Évasion fiscale en Europe : une victoire au goût amer

10 juillet 2015
Dans une tribune publiée par Le Monde, Pascal DURAND revient sur les avancées en matière de justice fiscale obtenues par le Parlement européen. Pourtant, elles ont un prix, payé par les seules personnes poursuivies aujourd’hui en Europe : non les fraudeurs ni leurs complices, mais les lanceurs d’alerte qui ont permis de faire progresser la justice.
Parfois, même une belle victoire peut laisser un gout amer. L’amertume du temps perdu, celle des milliards détournés de budgets publics, mais aussi l’amertume du trop lourd tribut payé par les lanceurs d’alerte.

Aujourd’hui, le Parlement européen a décidé de mettre un frein à certaines pratiques fiscales des grands groupes, réalisées avec la complicité active de certains États européens. Il a décidé de rendre transparents les accords occultes passés avec les administrations fiscales et d’imposer pour chaque groupe de sociétés un reporting pays par pays sur les impôts payés et le chiffre d’affaires réalisé.

Cela faisait des années que les écologistes se battaient pour obtenir ces informations que les multinationales se refusaient à communiquer au nom de leur compétitivité, quand ça n’était pas au nom du secret d’affaires.

Cette transparence est pourtant le seul moyen de lutter efficacement contre un système inique où les plus gros payent les impôts qu’ils veulent là où ils veulent pendant que l’écrasante majorité des entreprises, PME, TPE, artisans, professions libérales, payent les leurs là où ils travaillent.

Cette atteinte à l’équité était d’autant plus scandaleuse que ces sommes faisaient défaut à des États tenus de respecter des critères d’équilibre budgétaire et contraints de réduire, parfois drastiquement, à un coût social insupportable, leurs dépenses publiques.

Quelle fut donc la raison de ce retournement du Parlement européen ?

Le courage ! Malheureusement, pas celui des dirigeants européens, mais celui de simples citoyens, des lanceurs d’alerte qui, bravant les risques de poursuites, ont jeté la lumière sur l’ampleur des sommes détournées des caisses publiques et sur le caractère dérisoire des impôts payés, parfois inférieurs à 1 %.

Rien, dans cette négociation, n’aurait été possible sans la pression publique issue des révélations d’Antoine Deltour, d’Edouard Perrin et d’Hervé Falciani. Rien, dans ce dossier, n’aurait été possible sans les scandales du LuxLeaks et du SwissLeaks. Rien n’aurait été possible sans la crainte issue des révélations de lanceurs d’alerte aujourd’hui seuls poursuivis, voire persécutés, tels Julian Assange ou Edward Snowden.
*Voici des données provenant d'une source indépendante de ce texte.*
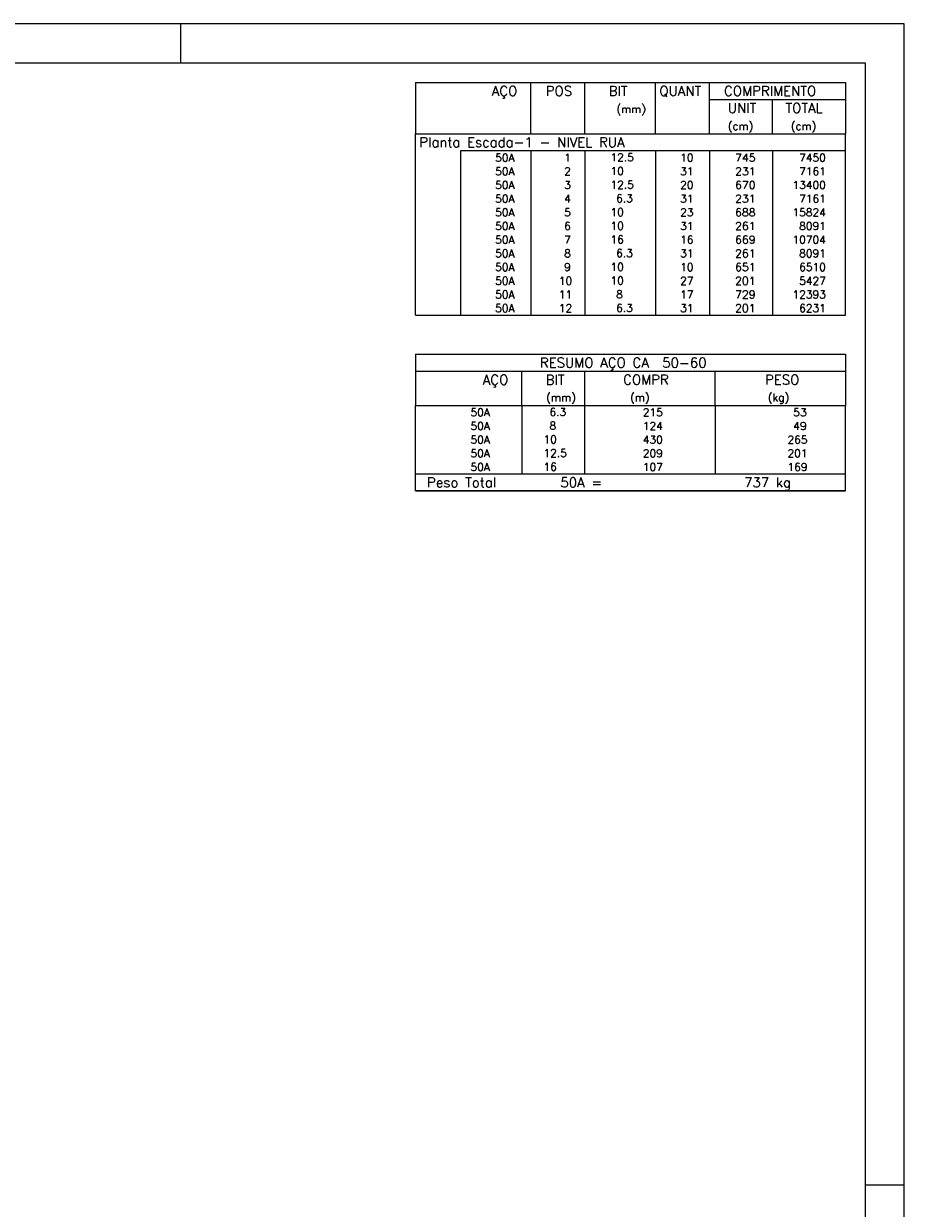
# Model space of a CAD drawing. Extents: x 0 to 84.1, y 0 to 59.4.
# Tile 6 of 6: x 61.6 to 84.1, y 29.1 to 59.4. Entities that reach past the tile are written whole.
import ezdxf

# ---------------------------------------------------------------- set-up
doc = ezdxf.new("R2010")
doc.units = 0
doc.header["$MEASUREMENT"] = 0
doc.layers.add('2', color=2, linetype='CONTINUOUS')
doc.styles.get("Standard").update_dxf_attribs({"font": 'ROMANS.SHX'})

msp = doc.modelspace()

# ---------------------------------------------------------------- linework, layer by layer
at = {"layer": '2', "linetype": 'Continuous'}
for p, q in [((84.100006, 59.400002), (0, 59.400002)), ((65.600006, 58.400002), (65.600006, 59.400002)), ((84.100006, 0), (84.100006, 59.400002)), ((71.6, 57.899999), (71.6, 56.587499)), ((71.6, 57.899999), (82.6, 57.899999)), ((74.55, 56.587499), (74.55, 57.899999)), ((75.93, 56.587499), (75.93, 57.899999)), ((77.74, 56.587499), (77.74, 57.899999)), ((79.12, 56.587499), (79.12, 57.899999)), ((82.6, 57.899999), (82.6, 56.587499)), ((79.12, 57.462499), (82.6, 57.462499)), ((80.73, 56.587499), (80.73, 57.462499)), ((71.6, 56.587499), (82.6, 56.587499)), ((71.6, 56.149999), (71.6, 56.587499)), ((71.6, 56.587499), (82.6, 56.587499)), ((82.6, 56.149999), (82.6, 56.587499)), ((71.6, 55.799999), (71.6, 56.149999)), ((82.6, 56.149999), (72.75, 56.149999)), ((72.75, 56.149999), (72.75, 55.799999)), ((74.55, 56.149999), (74.55, 55.799999)), ((75.93, 56.149999), (75.93, 55.799999)), ((77.74, 56.149999), (77.74, 55.799999)), ((79.12, 56.149999), (79.12, 55.799999)), ((80.73, 56.149999), (80.73, 55.799999)), ((82.6, 55.799999), (82.6, 56.149999)), ((71.6, 55.449999), (71.6, 55.799999)), ((72.75, 55.799999), (72.75, 55.449999)), ((74.55, 55.799999), (74.55, 55.449999)), ((75.93, 55.799999), (75.93, 55.449999)), ((77.74, 55.799999), (77.74, 55.449999)), ((79.12, 55.799999), (79.12, 55.449999)), ((80.73, 55.799999), (80.73, 55.449999)), ((82.6, 55.449999), (82.6, 55.799999)), ((71.6, 55.1), (71.6, 55.449999)), ((72.75, 55.449999), (72.75, 55.1)), ((74.55, 55.449999), (74.55, 55.1)), ((75.93, 55.449999), (75.93, 55.1)), ((77.74, 55.449999), (77.74, 55.1)), ((79.12, 55.449999), (79.12, 55.1)), ((80.73, 55.449999), (80.73, 55.1)), ((82.6, 55.1), (82.6, 55.449999)), ((71.6, 54.75), (71.6, 55.1)), ((72.75, 55.1), (72.75, 54.75)), ((74.55, 55.1), (74.55, 54.75)), ((75.93, 55.1), (75.93, 54.75)), ((77.74, 55.1), (77.74, 54.75)), ((79.12, 55.1), (79.12, 54.75)), ((80.73, 55.1), (80.73, 54.75)), ((82.6, 54.75), (82.6, 55.1)), ((71.6, 54.4), (71.6, 54.75)), ((72.75, 54.75), (72.75, 54.4)), ((74.55, 54.75), (74.55, 54.4)), ((75.93, 54.75), (75.93, 54.4)), ((77.74, 54.75), (77.74, 54.4)), ((79.12, 54.75), (79.12, 54.4)), ((80.73, 54.75), (80.73, 54.4)), ((82.6, 54.4), (82.6, 54.75)), ((71.6, 54.05), (71.6, 54.4)), ((72.75, 54.4), (72.75, 54.05)), ((74.55, 54.4), (74.55, 54.05)), ((75.93, 54.4), (75.93, 54.05)), ((77.74, 54.4), (77.74, 54.05)), ((79.12, 54.4), (79.12, 54.05)), ((80.73, 54.4), (80.73, 54.05)), ((82.6, 54.05), (82.6, 54.4)), ((71.6, 53.7), (71.6, 54.05)), ((72.75, 54.05), (72.75, 53.7)), ((74.55, 54.05), (74.55, 53.7)), ((75.93, 54.05), (75.93, 53.7)), ((77.74, 54.05), (77.74, 53.7)), ((79.12, 54.05), (79.12, 53.7)), ((80.73, 54.05), (80.73, 53.7)), ((82.6, 53.7), (82.6, 54.05)), ((71.6, 53.35), (71.6, 53.7)), ((72.75, 53.7), (72.75, 53.35)), ((74.55, 53.7), (74.55, 53.35)), ((75.93, 53.7), (75.93, 53.35)), ((77.74, 53.7), (77.74, 53.35)), ((79.12, 53.7), (79.12, 53.35)), ((80.73, 53.7), (80.73, 53.35)), ((82.6, 53.35), (82.6, 53.7)), ((71.6, 53), (71.6, 53.35)), ((72.75, 53.35), (72.75, 53)), ((74.55, 53.35), (74.55, 53)), ((75.93, 53.35), (75.93, 53)), ((77.74, 53.35), (77.74, 53)), ((79.12, 53.35), (79.12, 53)), ((80.73, 53.35), (80.73, 53)), ((82.6, 53), (82.6, 53.35)), ((71.6, 52.65), (71.6, 53)), ((72.75, 53), (72.75, 52.65)), ((74.55, 53), (74.55, 52.65)), ((75.93, 53), (75.93, 52.65)), ((77.74, 53), (77.74, 52.65)), ((79.12, 53), (79.12, 52.65)), ((80.73, 53), (80.73, 52.65)), ((82.6, 52.65), (82.6, 53)), ((71.6, 52.3), (71.6, 52.65)), ((72.75, 52.65), (72.75, 52.3)), ((74.55, 52.65), (74.55, 52.3)), ((75.93, 52.65), (75.93, 52.3)), ((77.74, 52.65), (77.74, 52.3)), ((79.12, 52.65), (79.12, 52.3)), ((80.73, 52.65), (80.73, 52.3)), ((82.6, 52.3), (82.6, 52.65)), ((71.6, 51.95), (71.6, 52.3)), ((72.75, 52.3), (72.75, 51.95)), ((74.55, 52.3), (74.55, 51.95)), ((75.93, 52.3), (75.93, 51.95)), ((77.74, 52.3), (77.74, 51.95)), ((79.12, 52.3), (79.12, 51.95)), ((80.73, 52.3), (80.73, 51.95)), ((82.6, 51.95), (82.6, 52.3)), ((71.6, 51.95), (82.6, 51.95)), ((71.6, 50.95), (71.6, 49.6375)), ((71.6, 50.95), (82.6, 50.95)), ((82.6, 50.95), (82.6, 49.6375)), ((71.6, 50.5125), (82.6, 50.5125)), ((74.32, 49.6375), (74.32, 50.5125)), ((75.93, 49.6375), (75.93, 50.5125)), ((79.265, 49.6375), (79.265, 50.5125)), ((71.6, 49.6375), (82.6, 49.6375)), ((71.6, 49.2875), (71.6, 49.6375)), ((74.32, 49.6375), (74.32, 49.2875)), ((75.93, 49.2875), (75.93, 49.6375)), ((79.265, 49.6375), (79.265, 49.2875)), ((82.6, 49.2875), (82.6, 49.6375)), ((71.6, 48.9375), (71.6, 49.2875)), ((74.32, 49.2875), (74.32, 48.9375)), ((75.93, 48.9375), (75.93, 49.2875)), ((79.265, 49.2875), (79.265, 48.9375)), ((82.6, 48.9375), (82.6, 49.2875)), ((71.6, 48.587499), (71.6, 48.9375)), ((74.32, 48.9375), (74.32, 48.5875)), ((75.93, 48.587499), (75.93, 48.9375)), ((79.265, 48.9375), (79.265, 48.587499)), ((82.6, 48.587499), (82.6, 48.9375)), ((71.6, 48.237499), (71.6, 48.587499)), ((74.32, 48.587499), (74.32, 48.237499)), ((75.93, 48.237499), (75.93, 48.587499)), ((79.265, 48.587499), (79.265, 48.237499)), ((82.6, 48.237499), (82.6, 48.587499)), ((71.6, 47.887498), (71.6, 48.237499)), ((74.32, 48.237499), (74.32, 47.887499)), ((75.93, 47.887498), (75.93, 48.237499)), ((79.265, 48.237499), (79.265, 47.887498)), ((82.6, 47.887498), (82.6, 48.237499)), ((71.6, 47.887498), (82.6, 47.887498)), ((71.6, 47.449998), (71.6, 47.887498)), ((71.6, 47.887498), (82.6, 47.887498)), ((82.6, 47.449998), (82.6, 47.887498)), ((82.6, 47.449998), (71.6, 47.449998)), ((71.6, 47.449998), (82.6, 47.449998)), ((84.100006, 29.700001), (83.100006, 29.700001))]:
    msp.add_line(p, q, dxfattribs=at)
msp.add_lwpolyline([(83.100006, 1), (2.5, 1), (2.5, 58.400002), (83.100006, 58.400002), (83.100006, 1)], dxfattribs=at)

# ---------------------------------------------------------------- texts
for s, height, p in [('AÇO', 0.25, (73.54958, 57.556249)), ('POS', 0.25, (74.93, 57.556249)), ('BIT', 0.25, (76.54, 57.556249)), ('QUANT', 0.25, (77.836489, 57.556249)), ('COMPRIMENTO', 0.25, (79.489469, 57.556249)), ('(mm)', 0.2, (76.74, 57.118749)), ('UNIT', 0.25, (79.586854, 57.118749)), ('TOTAL', 0.25, (81.059307, 57.118749)), ('(cm)', 0.2, (79.586854, 56.681249)), ('(cm)', 0.2, (81.196854, 56.681249)), ('Planta Escada-1 - NIVEL RUA', 0.25, (71.695798, 56.243749)), ('     50A', 0.2, (72.889661, 55.874999)), ('  1', 0.2, (75.13, 55.874999)), ('   12.5', 0.2, (76.136543, 55.881043)), ('   10', 0.2, (77.92, 55.874999)), ('   745', 0.2, (79.33, 55.874999)), ('   7450', 0.2, (80.963622, 55.874999)), ('     50A', 0.2, (72.889661, 55.524999)), ('  2', 0.2, (75.13, 55.524999)), ('   10  ', 0.2, (76.136543, 55.531043)), ('   31', 0.2, (77.92, 55.524999)), ('   231', 0.2, (79.33, 55.524999)), ('   7161', 0.2, (80.963622, 55.524999)), ('     50A', 0.2, (72.889661, 55.174999)), ('  3', 0.2, (75.13, 55.174999)), ('   12.5', 0.2, (76.136543, 55.181043)), ('   20', 0.2, (77.92, 55.174999)), ('   670', 0.2, (79.33, 55.174999)), ('  13400', 0.2, (80.963622, 55.174999)), ('     50A', 0.2, (72.889661, 54.824999)), ('  4', 0.2, (75.13, 54.824999)), ('    6.3', 0.2, (76.136543, 54.831043)), ('   31', 0.2, (77.92, 54.824999)), ('   231', 0.2, (79.33, 54.824999)), ('   7161', 0.2, (80.963622, 54.824999)), ('     50A', 0.2, (72.889661, 54.475)), ('  5', 0.2, (75.13, 54.475)), ('   10  ', 0.2, (76.136543, 54.481043)), ('   23', 0.2, (77.92, 54.475)), ('   688', 0.2, (79.33, 54.475)), ('  15824', 0.2, (80.963622, 54.475)), ('     50A', 0.2, (72.889661, 54.125)), ('  6', 0.2, (75.13, 54.125)), ('   10  ', 0.2, (76.136543, 54.131044)), ('   31', 0.2, (77.92, 54.125)), ('   261', 0.2, (79.33, 54.125)), ('   8091', 0.2, (80.963622, 54.125)), ('     50A', 0.2, (72.889661, 53.775)), ('  7', 0.2, (75.13, 53.775)), ('   16  ', 0.2, (76.136543, 53.781044)), ('   16', 0.2, (77.92, 53.775)), ('   669', 0.2, (79.33, 53.775)), ('  10704', 0.2, (80.963622, 53.775)), ('     50A', 0.2, (72.889661, 53.425)), ('  8', 0.2, (75.13, 53.425)), ('    6.3', 0.2, (76.136543, 53.431044)), ('   31', 0.2, (77.92, 53.425)), ('   261', 0.2, (79.33, 53.425)), ('   8091', 0.2, (80.963622, 53.425)), ('     50A', 0.2, (72.889661, 53.075)), ('  9', 0.2, (75.13, 53.075)), ('   10  ', 0.2, (76.136543, 53.081044)), ('   10', 0.2, (77.92, 53.075)), ('   651', 0.2, (79.33, 53.075)), ('   6510', 0.2, (80.963622, 53.075)), ('     50A', 0.2, (72.889661, 52.725)), (' 10', 0.2, (75.13, 52.725)), ('   10  ', 0.2, (76.136543, 52.731044)), ('   27', 0.2, (77.92, 52.725)), ('   201', 0.2, (79.33, 52.725)), ('   5427', 0.2, (80.963622, 52.725)), ('     50A', 0.2, (72.889661, 52.375)), (' 11', 0.2, (75.13, 52.375)), ('    8  ', 0.2, (76.136543, 52.381044)), ('   17', 0.2, (77.92, 52.375)), ('   729', 0.2, (79.33, 52.375)), ('  12393', 0.2, (80.963622, 52.375)), ('     50A', 0.2, (72.889661, 52.025)), (' 12', 0.2, (75.13, 52.025)), ('    6.3', 0.2, (76.136543, 52.031044)), ('   31', 0.2, (77.92, 52.025)), ('   201', 0.2, (79.33, 52.025)), ('   6231', 0.2, (80.963622, 52.025)), ('RESUMO AÇO CA  50-60', 0.25, (74.780497, 50.60625)), ('AÇO', 0.25, (73.31958, 50.16875)), ('BIT', 0.25, (74.93, 50.16875)), ('COMPR', 0.25, (76.908841, 50.172351)), ('PESO', 0.25, (80.53784, 50.172351)), ('(mm)', 0.2, (74.943861, 49.741251)), ('(m)', 0.2, (77.086146, 49.741251)), ('(kg)', 0.2, (80.606442, 49.741251)), ('     50A', 0.2, (72.259661, 49.3625)), ('    6.3', 0.2, (74.426542, 49.368544)), ('     215', 0.2, (76.667658, 49.362501)), ('     53', 0.2, (80.515265, 49.362501)), ('     50A', 0.2, (72.259661, 49.0125)), ('    8  ', 0.2, (74.426542, 49.018544)), ('     124', 0.2, (76.667658, 49.0125)), ('     49', 0.2, (80.515265, 49.0125)), ('     50A', 0.2, (72.259661, 48.6625)), ('   10  ', 0.2, (74.426542, 48.668543)), ('     430', 0.2, (76.667658, 48.6625)), ('    265', 0.2, (80.515265, 48.6625)), ('     50A', 0.2, (72.259661, 48.312499)), ('   12.5', 0.2, (74.426542, 48.318543)), ('     209', 0.2, (76.667658, 48.3125)), ('    201', 0.2, (80.515265, 48.3125)), ('   16  ', 0.2, (74.426542, 47.968543)), ('     50A', 0.2, (72.259661, 47.962499)), ('     107', 0.2, (76.667658, 47.962499)), ('    169', 0.2, (80.515265, 47.962499)), ('Peso Total        50A =', 0.25, (71.892829, 47.543748)), ('    737 kg', 0.25, (79.257004, 47.543748))]:
    msp.add_text(s, height=height, dxfattribs=at).set_placement(p)

doc.saveas('drawing.dxf')

En quelques semaines, ces scandales devenus publics ont forcé la Commission européenne à faire de l’évasion fiscale sa grande priorité. Hier artisan d’un système insupportable de détournement des richesses publiques au profit d’intérêts privés, Jean-Claude Juncker, premier ministre pendant 18 ans du principal État complice de cette « optimisation » fiscale, le Luxembourg, s’en est voulu soudainement le plus grand adversaire.

De fait, le coût politique pour les défenseurs de l’opacité devenait trop élevé. Lorsque les écologistes ont annoncé leurs amendements sur la transparence fiscale, la pression a fini par l’emporter.

Par cette prise de position, qui pourra toutefois être encore bloquée par le Conseil, l’Europe a fait un pas en direction de la justice fiscale et de l’équité. Nous nous en réjouissons.

Mais je n’oublie pas que cette avancée a eu un prix, et qu’il est payé par les seules personnes poursuivies aujourd’hui en Europe : non les fraudeurs ni leurs complices, mais les lanceurs d’alerte qui ont permis de faire progresser la justice.

C’est avec eux que je voudrais partager cette victoire et rappeler que, dans nos démocraties modernes, loin de la répression, du secret et de l’opacité, c’est la transparence, la protection des lanceurs d’alerte et des journalistes qui constituent les meilleures garanties d’une société plus juste et plus solidaire.